Tailoring existing employee wellness programs to people at risk of cardiovascular disease appears to improve workers' health, new research reports.

For a mere $5,500, Coors Brewing Company added a new program to its pre-existing Wellness Center, which tailored heart-healthy strategies to 25 workers known to be at risk of cardiovascular disease.

After 16 sessions, 80 percent of participants could exercise for longer, 56 percent experienced a decrease in total cholesterol, and 44 percent lost weight. One person quit smoking.

Although the program cost money and people took time out of their workdays to attend the sessions, the program will likely save companies money by reducing health costs and sick days, study co-author Wendy Segrest told Reuters Health.

"It is less expensive for the company to promote some of these prevention strategies" than to pay for treatment when workers get sick, she said.

Segrest added that many large companies already have on-site Wellness Centers, which sometimes include a gym, exercise classes and educational programs.

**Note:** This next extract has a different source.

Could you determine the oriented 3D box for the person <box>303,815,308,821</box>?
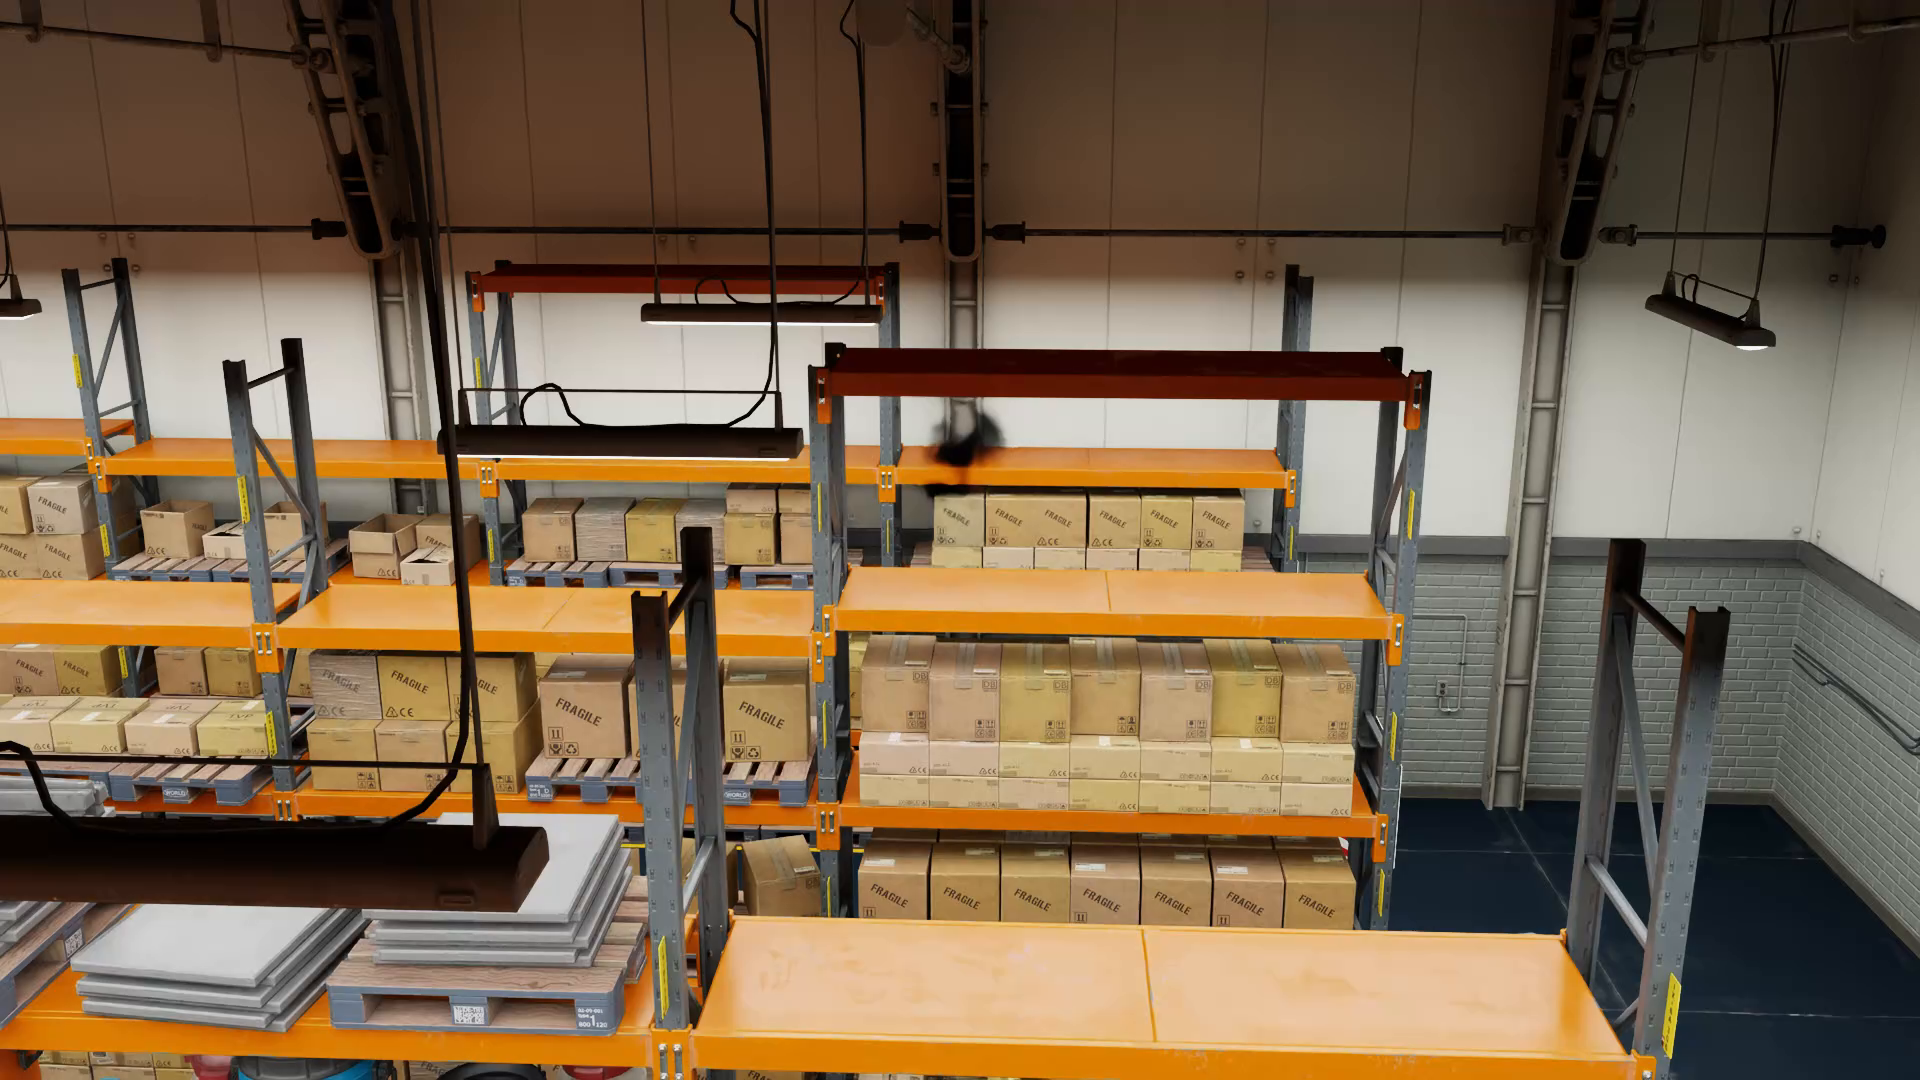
[{"bbox_3d":[-5.990,3.102,14.958,0.548,1.659,0.571,0,16,-1],"label":"person"}]

Adding onto these pre-existing programs will cost significantly less than creating a new program from scratch, she said.

Although the newest program focuses on workers with cardiovascular disease, Segrest noted that companies can design similar programs for a host of chronic conditions, such as low back pain or diabetes.

According to the report, published in the American College of Sports Medicine publication Health & Fitness Journal, cardiovascular conditions are the fourth most expensive health claims cost among Coors workers.

To identify workers at risk of heart disease, Coors offered company-wide health screenings. People were asked to participate in the cardiovascular program if they had at least four risk factors, including high blood pressure, high cholesterol, and excess body weight.

Over 8 weeks, participants attended 16 ninety-minute sessions, during which they exercised and were taught how to reduce their risk of cardiovascular disease. All sessions were conducted on company time.

In an interview, Segrest, based at the healthcare management consulting company Zoezi, Inc., explained that the new program differed from previous ones because it was more individualized and intensive, and included only people known to be at risk of cardiovascular disease, rather than being open to all.

In an accompanying article, Dr. Nico Pronk of HealthPartners in Minnesota, notes that employers are investing more and more in disease management programs, which often target cardiovascular disease, depression, diabetes and asthma.

"This trend has great potential to complement and support worksite health promotion efforts, as long as the positioning of such services is strategically aligned across the population," he writes.